Chrono’s throat tightened. He didn’t know what to say. So, naturally, the girl from the stars carried on in her passionate voice.

“You see Chronos, when you are overcome by an ethereal wave of déjà vu or when a precognitive dream merges with your slumber you are really experiencing a neurophysiologic glitch. An error in the programming of your brain! As I have said, you see with the eyes- but that perception makes an impression in that intricate brain! Recalling the future is as much a sensory impairment as blindness!”
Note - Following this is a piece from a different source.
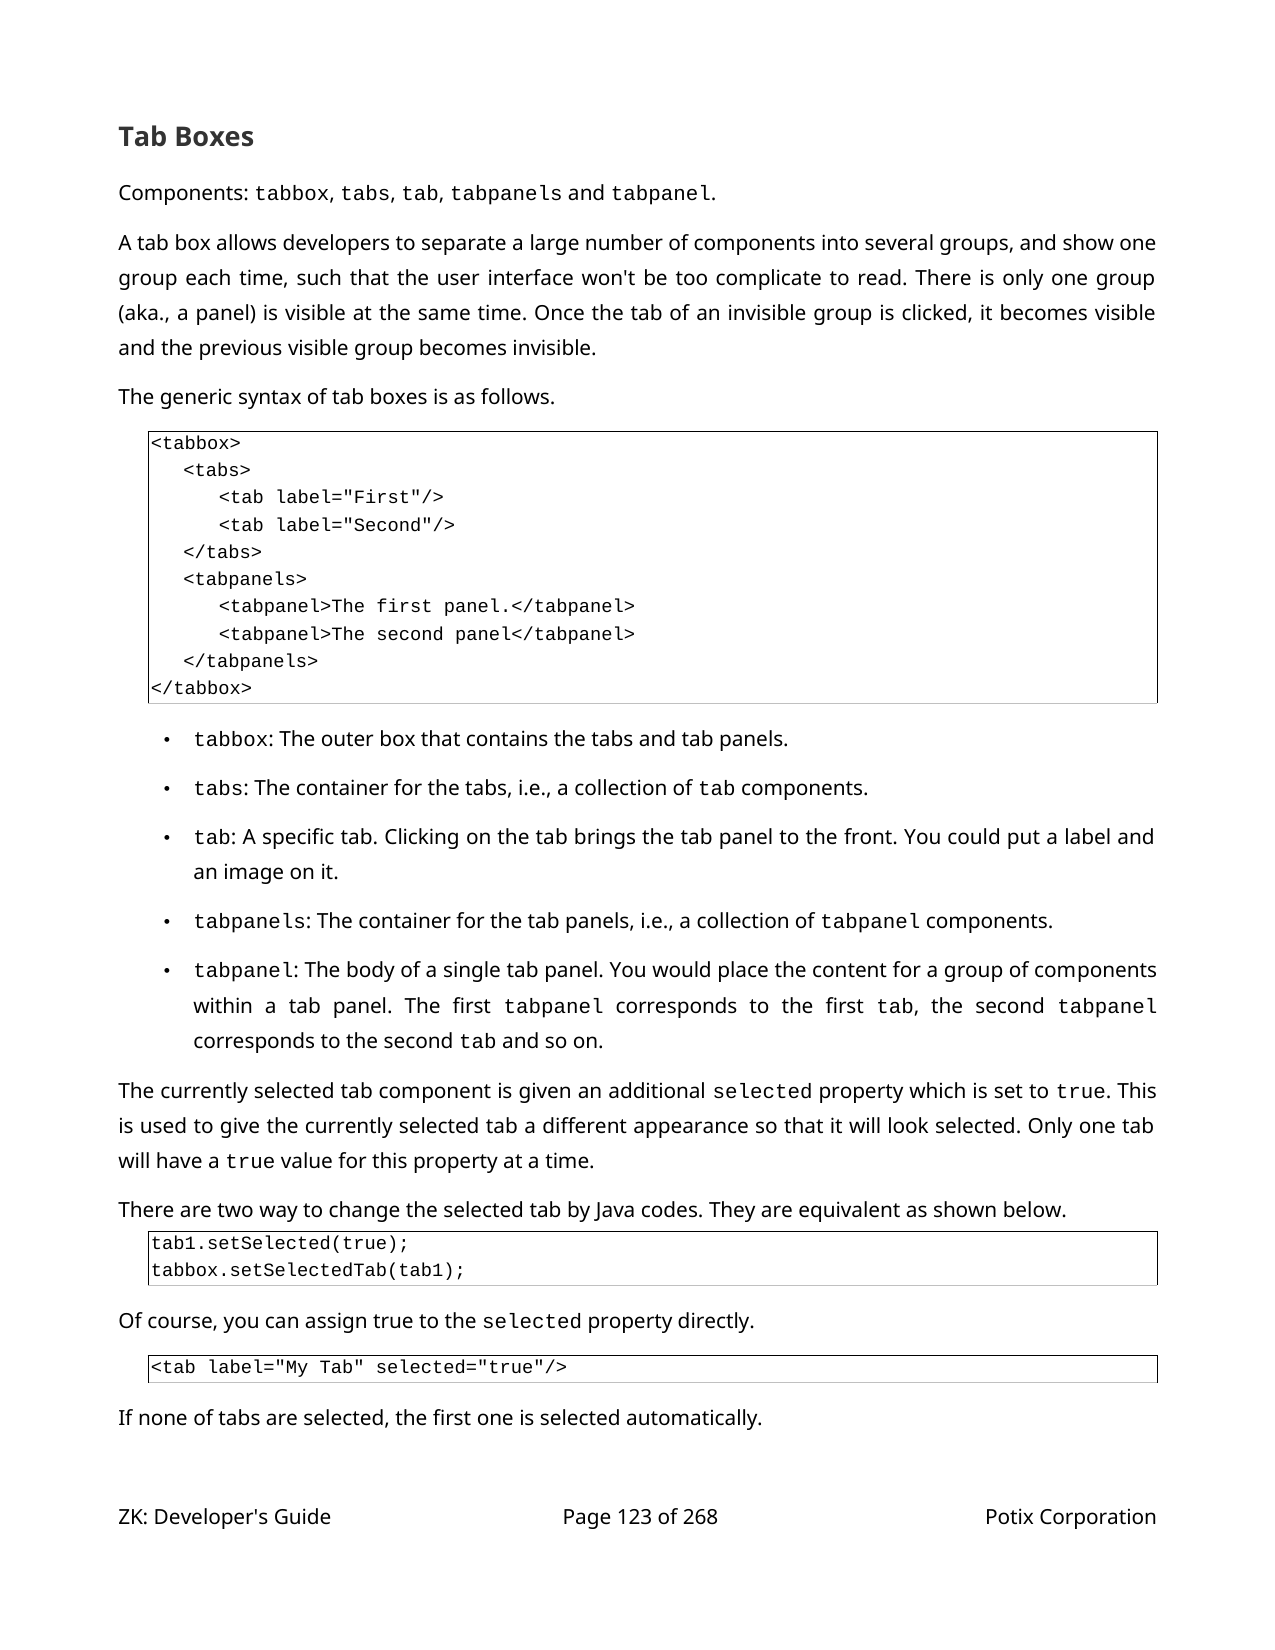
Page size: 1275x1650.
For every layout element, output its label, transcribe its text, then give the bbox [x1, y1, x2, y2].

This newfound information was too much for Chronos. It targeted a portion of his mind that he had never been honed before. Sure he was a mathematical genius whose was used to thinking in overdrive, but this talk of time concurrent with his anatomy was testing his mental capacity, not because it was intellectually revolutionary or mind-bending, but because it was personal.

Slowly Chronos pieced together this other-worldly being’s words. “So what you are telling me is… I- I am not gifted…” he concluded as he felt the boiling hot tears pool into his vision. “… I am sick.”

“No Chronos,” In one fluid motion the celestial girl rose from her cross-legged position and stood before him. She cupped Chronos’s quivering mandible in her warm hands. Her violet irises softened as her pupils sharpened onto the vulnerable human being before her. “You are deeply blessed! All that has, is, and will occur in this realm can be tuned into with a particular combination of brainpower that you miraculously possess! All that is existential in mankind and the universe itself is accessible to your brain.” The fresh essence of awe in the humanoid’s voice, as if she was also discovering this incredible phenomena for the first time, eased Chronos into a serene state.